Between 1999 and 2002, when the Texans played their first game (let the record show the Texans defeated the Dallas Cowboy, 19-10), the team was essentially a massive start-up project. First orders of business for Rootes involved building a new stadium, developing relationships with suppliers, contractors and government officials, preparing for a Super Bowl and, most important, developing a relationship with fans.

Rootes began writing The Winning Game Plan last March, but it's really an accumulation of lessons learned and behind-the-scenes stories about building the Texans from scratch into one of the most admired and valuable franchises in all of sports.

"I've always been a meticulous note-taker. I've kept every presentation I've ever done. I took all of my notes and concepts and put those down on paper," Rootes said. "To be a good leader, you need a wild imagination. You can show me a blank piece of paper, but I don't see it as blank. To me, it's a finished product that hasn't been created yet," Rootes said.

Rootes lays out his leadership strategy in seven chapters: Are You a Manager or a Leader, Get the Right People on Your Team, Build a Winning Culture, Create Raving Fans, a Winning Playbook for Adversity and Success, Your Leadership Playbook and Play to Win.

He learned lesson No. 1 the hard way. A friend once counseled Rootes, "your staff doesn't like the way you're all up in their business, you need to back off." Rootes took that advice to heart.

"It was an epiphany. I wasn't a leader. That's when I truly began thinking about leadership. I say this all the time, I don't do anything. All I do is create an environment where exceptional people can be their very best self. I know what's going on. I'm fully informed. I leave every game day exhausted. I get there early. I do the things I need to do. I kiss babies. I shake hands. I present checks. I entertain clients. I'm dialed in. It absolutely wears me out because I love this organization so much. I am so proud of what we've been able to do for this great city of Houston."

I asked Rootes, as someone who lives for Game Day and a packed NRG Stadium, are you devastated by 2020, the year of COVID-19 and small crowds limited by Centers for Disease Control guidelines?

"I don't look at it that way. I think there's a song by 10,000 Maniacs that said, these are the days that you'll remember. I told my staff, I know you're all going through hell right now, but later on in life, you'll talk about this year. Things that are important are memorable, for the positive and those things that leave a scar.
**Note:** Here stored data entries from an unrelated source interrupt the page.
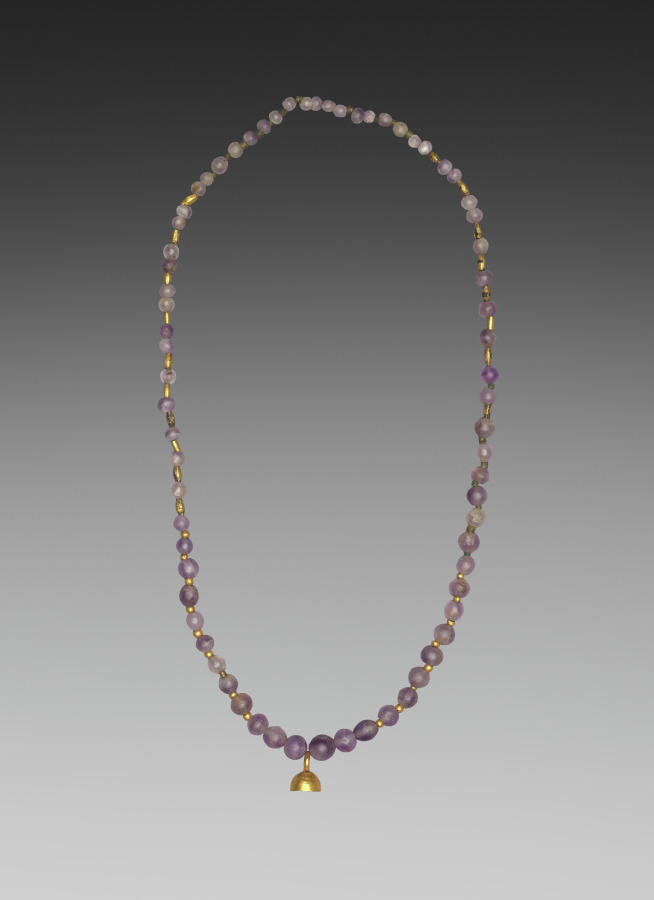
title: String of Beads
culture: Egypt, Middle Kingdom (2040–1648 BCE)
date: 2040–1648 BCE
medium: amethyst and gold
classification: Jewelry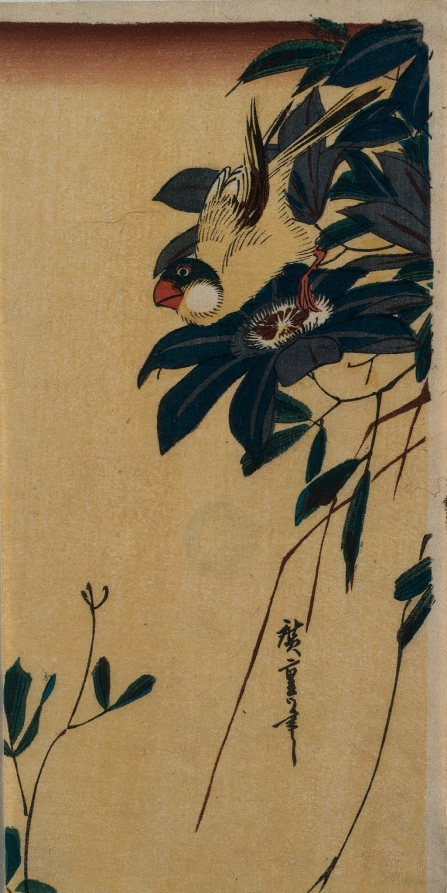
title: Grosbeak and Clematis
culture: Japan, Edo period (1615–1868)
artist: Utagawa Hiroshige (Japanese, 1797–1858)
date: mid-1830s
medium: color woodblock print
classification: Print
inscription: Signature: Hiroshige hitsu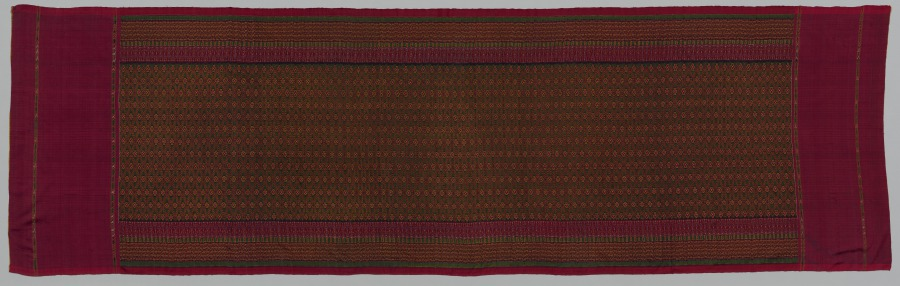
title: Silk "Sampot" (Loin Cloth)
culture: Cambodia
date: early 1900s
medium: Silk: tabby weave, weft ikat
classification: Textile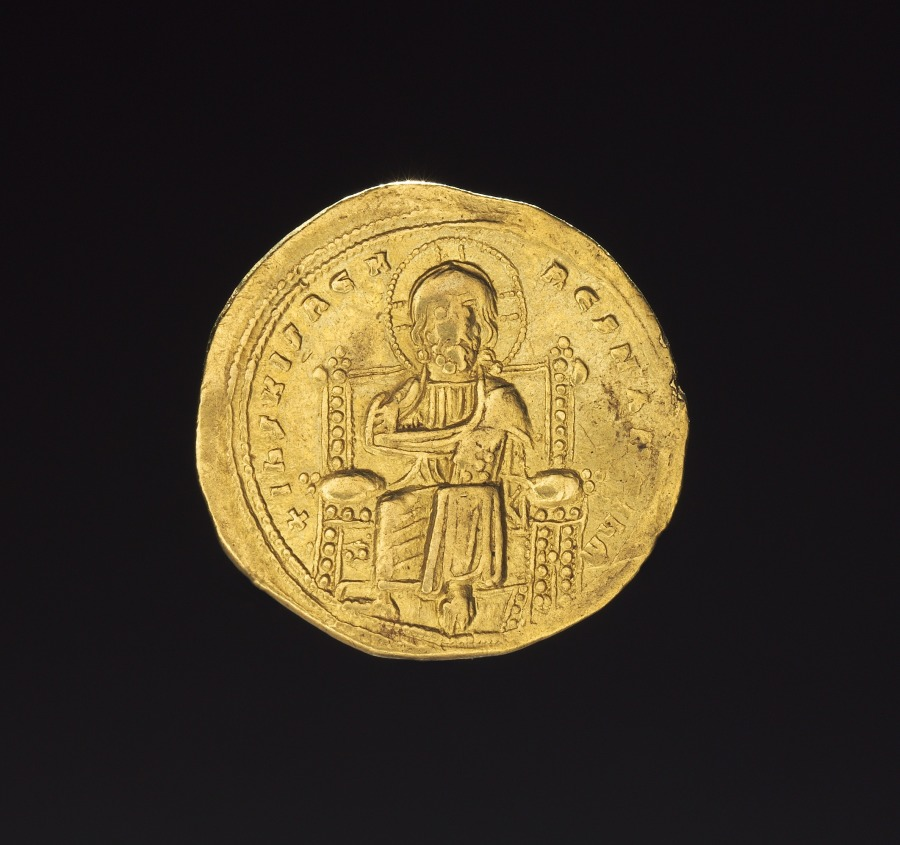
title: Histamenon of Romanus III
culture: Byzantium
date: 1028–34
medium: gold
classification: Coins
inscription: IhS XIS R?X R?GNANTInm
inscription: ?C? ?ON? R?MAn?
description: Romanus III Argyrus (968–April 11, 1034) was Byzantine emperor from November 15, 1028, until his death. He was husband of Zoe, the daughter of Constantine VII, the man Romanus was to succeed as emperor three days after wedding the daughter. He appears to have thought a lot of himself and his abilities, but in fact was inept, corrupt, and self-absorbed. His government was filled with corruption and mismanagement. He made the mistake of ignoring his wife Zoe and limiting her expenses in an effort to reduce expenditures. This would prove fatal to him as he was either poisoned or drowned (accounts differ) by the hand or order of his wife.
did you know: On one side is a seated figure of Christ enthroned, on the other the Virgin is shown touching the head of emperor Romanus III.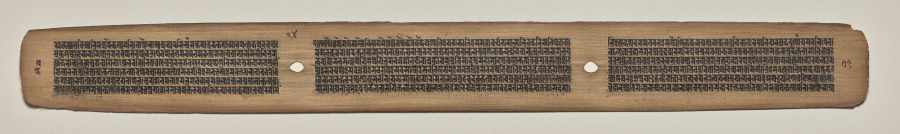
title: Text, Folio 24 (verso), from a Manuscript of the Perfection of Wisdom in Eight Thousand Lines (Ashtasahasrika Prajnaparamita-sutra)
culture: Eastern India, Bihar, Vikramashila Monastery. Painting: Nepal, Kathmandu
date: Sunday, September 14, 1119 (year 239 of the Newar Samvat in the month of Ashvina)
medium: gum tempera and ink on palm leaves
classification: Painting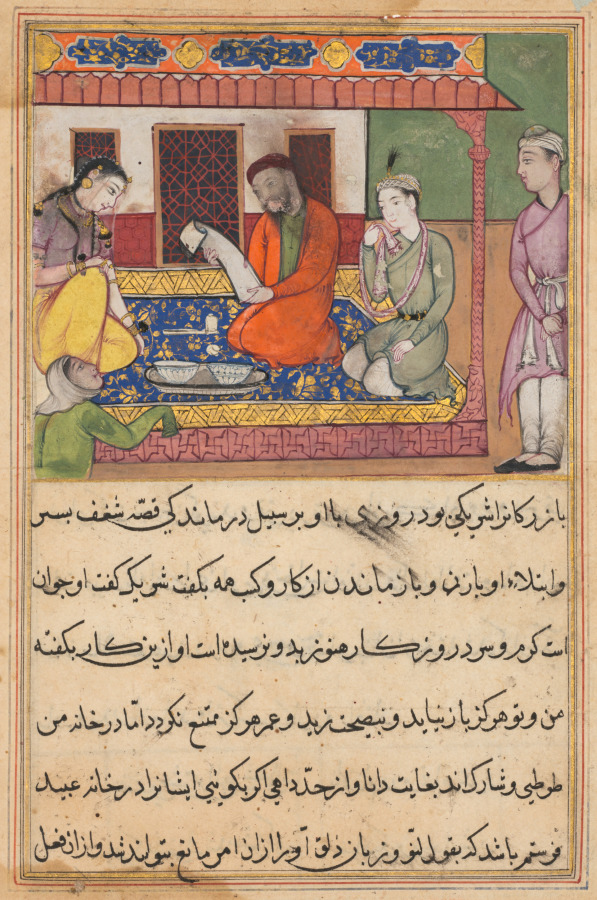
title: The marriage of ‘Ubaid, son of a merchant of Tirmiz, from a Tuti-nama (Tales of a Parrot): Forty-second Night
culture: Mughal India, court of Akbar (reigned 1556–1605)
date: c. 1560
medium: gum tempera, ink, and gold on paper
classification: Painting
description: The young ‘Ubaid, wearing green, sits across from his new wife on a blue and gold arabesque carpet. ‘Ubaid is so infatuated with his bride’s beauty that he begins to neglect his regular duties. His worried father consults a talking parrot and myna bird for advice on how to restrain his son’s excessive devotion.
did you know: The woman in green is the chaperone of ‘Ubaid’s new wife.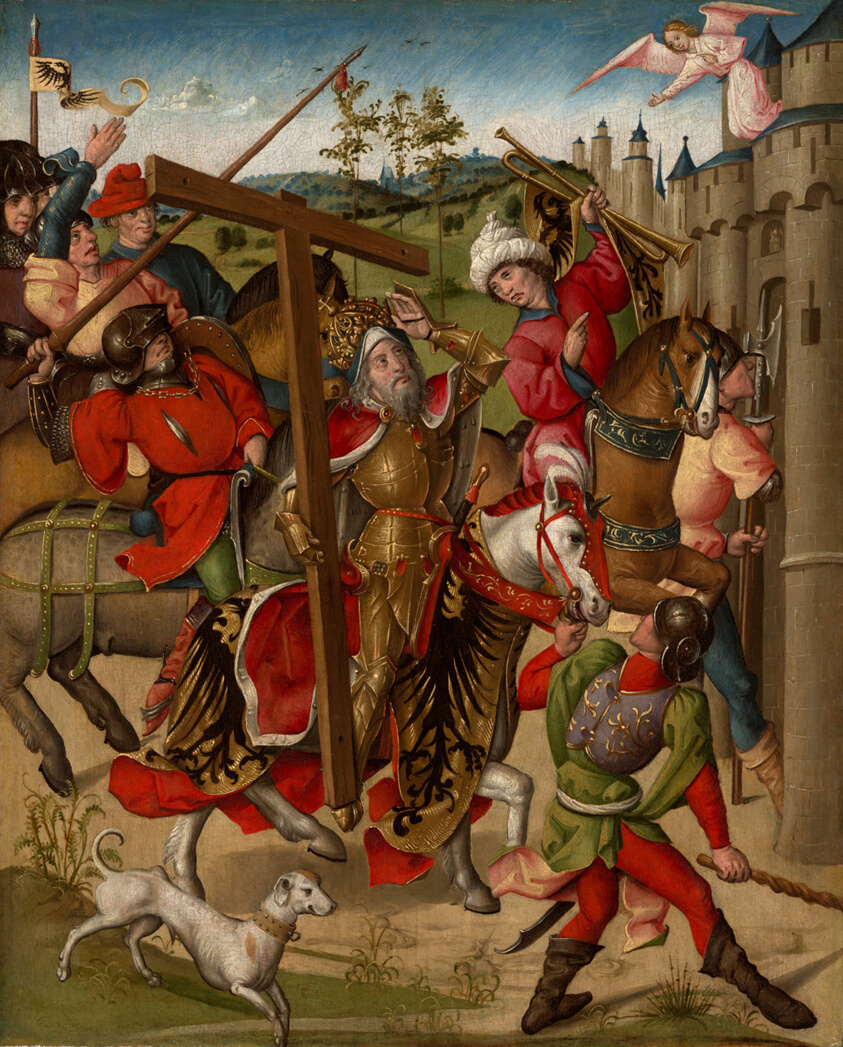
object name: Painting
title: Emperor Heraclius Denied Entry into Jerusalem
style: 15th century
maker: Netherlandish
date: c. 1470
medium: Tempera and oil on panel
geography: Netherlands
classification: painting; paint; tempera; oil on panel; oil paintings (visual works); european painting
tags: king, angels, cross, dog, eagles, figure, gates, heraldry, horse, horses, landscape, man, men, nobility, shields, soldiers, spears, wall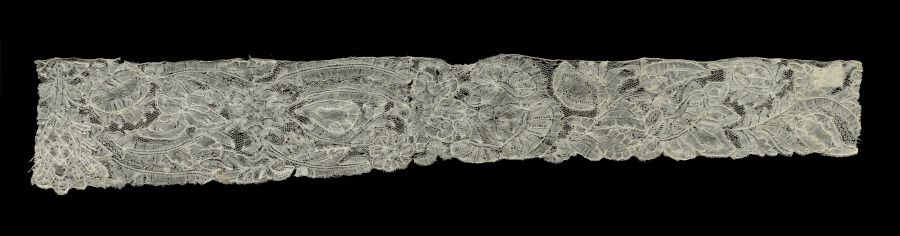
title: Edging for Cap
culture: Belgium, Brussels
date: 1700s
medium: Linen: bobbin lace
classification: Lace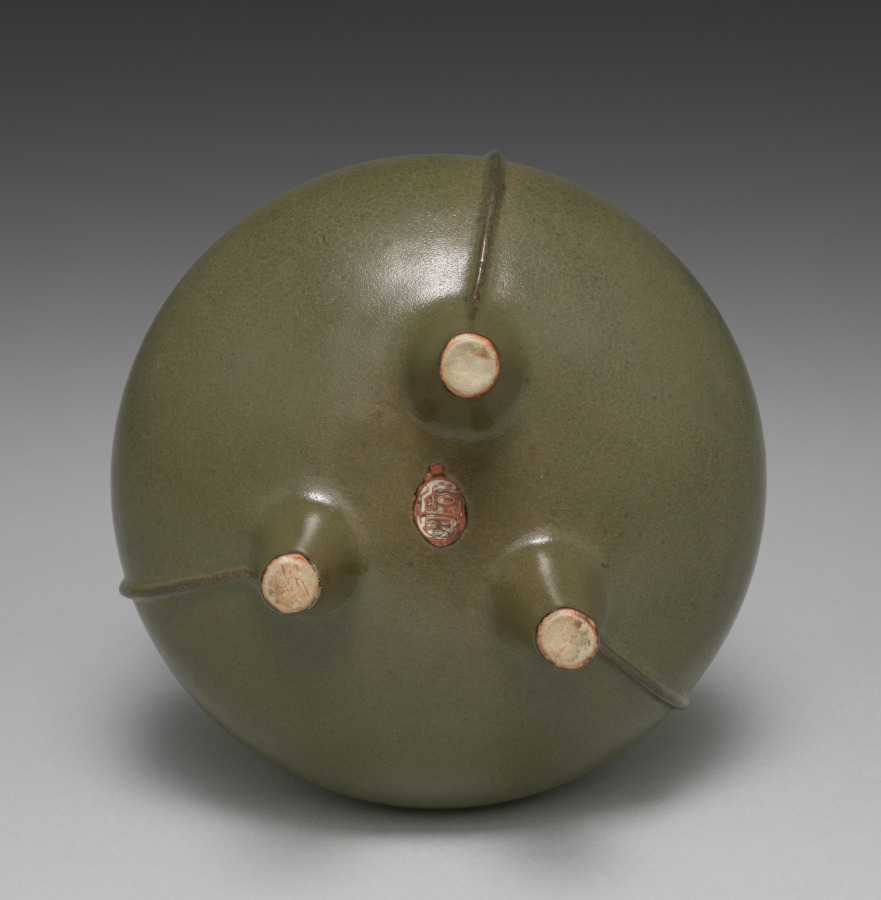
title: Incense Burner
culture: Japan, Meiji period (1868–1912)
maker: Seifū Yohei III (Japanese, 1851–1914)
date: 1895–1914
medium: Porcelain with tea-leaf colored glaze
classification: Ceramic
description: Kyoto-based Japanese ceramist Seifū Yohei III (1851–1914) admired the glaze colors found on Chinese porcelain and tried to replicate them through intensive experimentation. His green and creamy white glazes were particularly well received. The combinations of colors with subtle molded and incised decorations in his ceramics respond powerfully to changes in light, creating a dynamic viewing experience. Names for the glazes, written in ink with a brush on the lids of the custom-made storage boxes for the works, often indicate a specific glaze or ware that had inspired him, even when the resulting color was distinctively his own.
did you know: This globular incense burner has a tea leaf colored glaze and linear molded decorations running around the base of the collar and down the legs.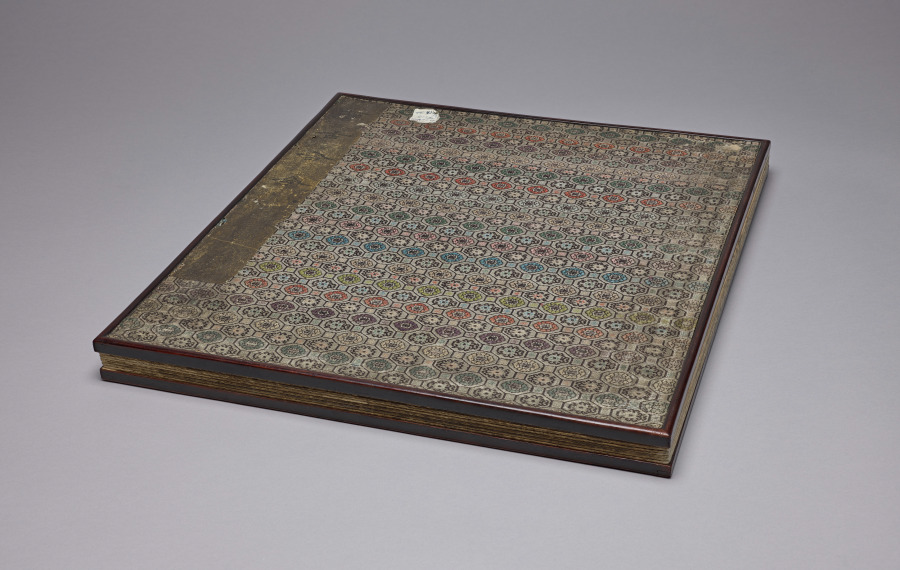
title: Absorb the Past; Abandon the Present
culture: China, Qing dynasty (1644–1911)
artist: style of Qian Hui'an (Chinese, 1833–1911)
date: 1800s–1900s
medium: Accordion-style album of 10 painted leaves; ink and color on silk
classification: Painting
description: Qian Huian, active in Shanghai, was best known for his paintings of beautiful women, and historic and mythological figures, rendered in a distinct style. His figures appear eccentric and the color palette pale to pink. The album’s title, Absorb the Past, Abandon the Present, reflect the desire to find refuge in China’s Past, as the country was going through the devastating Taiping rebellion at the time the paintings were created.
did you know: Leaf four depicts Tao Yuanming, carried by servants in a basket as he had an ailing foot. Tao wrote the Peach Blossom Spring tale, in which a fisherman loses his way and ends up in a utopia.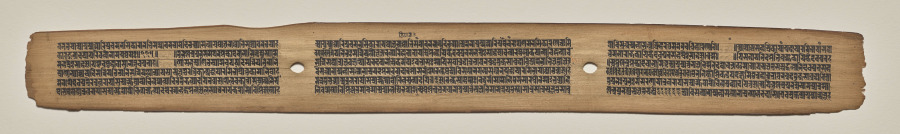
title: Text, Folio 12 (recto), from a Manuscript of the Perfection of Wisdom in Eight Thousand Lines (Ashtasahasrika Prajnaparamita-sutra)
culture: Eastern India, Bihar, Vikramashila Monastery. Painting: Nepal, Kathmandu
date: Sunday, September 14, 1119 (year 239 of the Newar Samvat in the month of Ashvina)
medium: gum tempera and ink on palm leaves
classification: Painting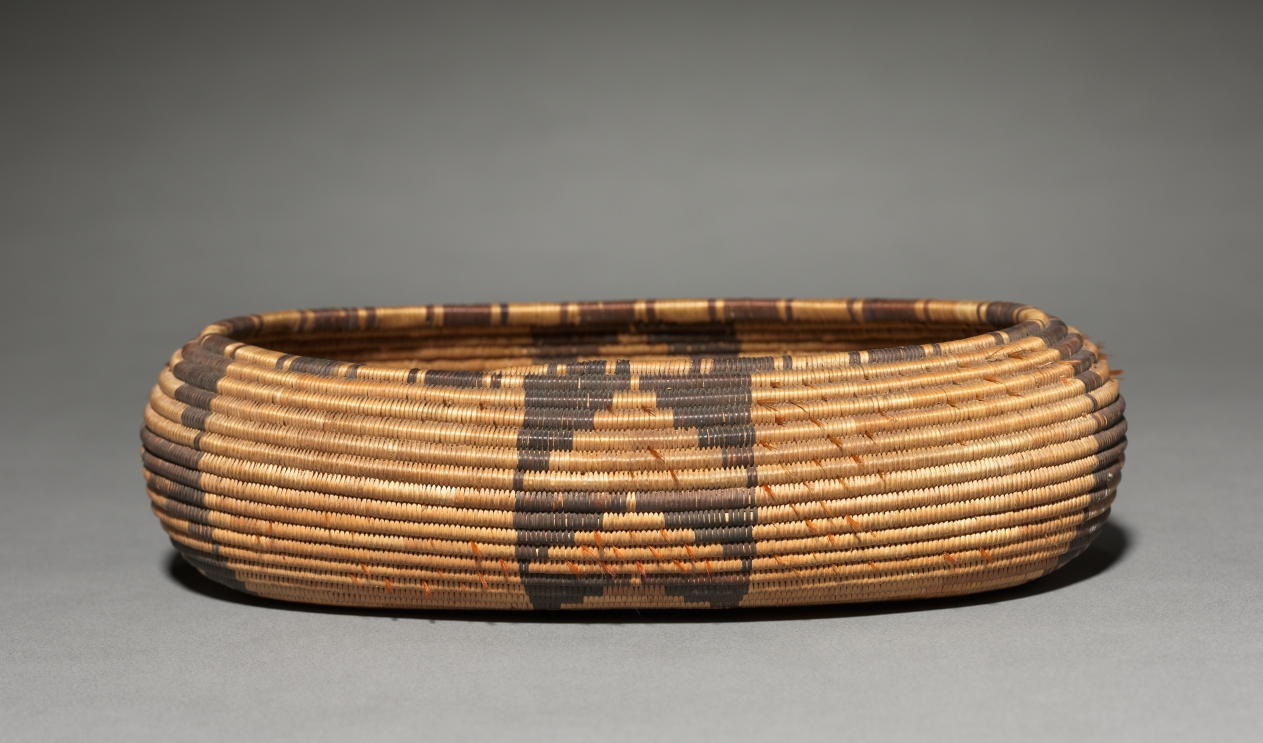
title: Gift Bowl, Canoe- Shaped
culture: California, Pomo, late 19th- early 20th century
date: 1890
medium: Willow, Bulrush, Sedge, with feather and acorn woodpecker; coiled (3 rods)
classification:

You learn from adversity and you're a better person for enduring it. Victor Frankl said 'We can discover meaning in life in three different ways, by creating a work or doing a deed, experiencing something or encountering someone, and by the attitude we take toward unavoidable suffering.' Suffering is part of life. He should know, he survived a Nazi concentration camp," Rootes said.

H-E-B President Scott McClelland wrote the forward to The Winning Game Plan. Rootes dedicates the book to late Texans owner Bob McNair. Rootes' book is a fun read. All I kept thinking was, where was this book when I needed it? And before you buy too much into Rootes as a leader, consider that Rootes admits that he had to ask for wife Melissa's permission before he could accept the Texans job.

Personal note: I believe that a big part of leadership is the ability to keep a promise. Several years ago, I was riding my bicycle with my dog Lilly on a leash. It was the only way I could keep up with her. Well, one time Lilly saw a squirrel and pulled me off my bicycle. I tumbled a few times and rolled next to the curb. When I looked up, there was Jamey Rootes. I told him, "There's no need for you to tell anybody about this." He never said a word.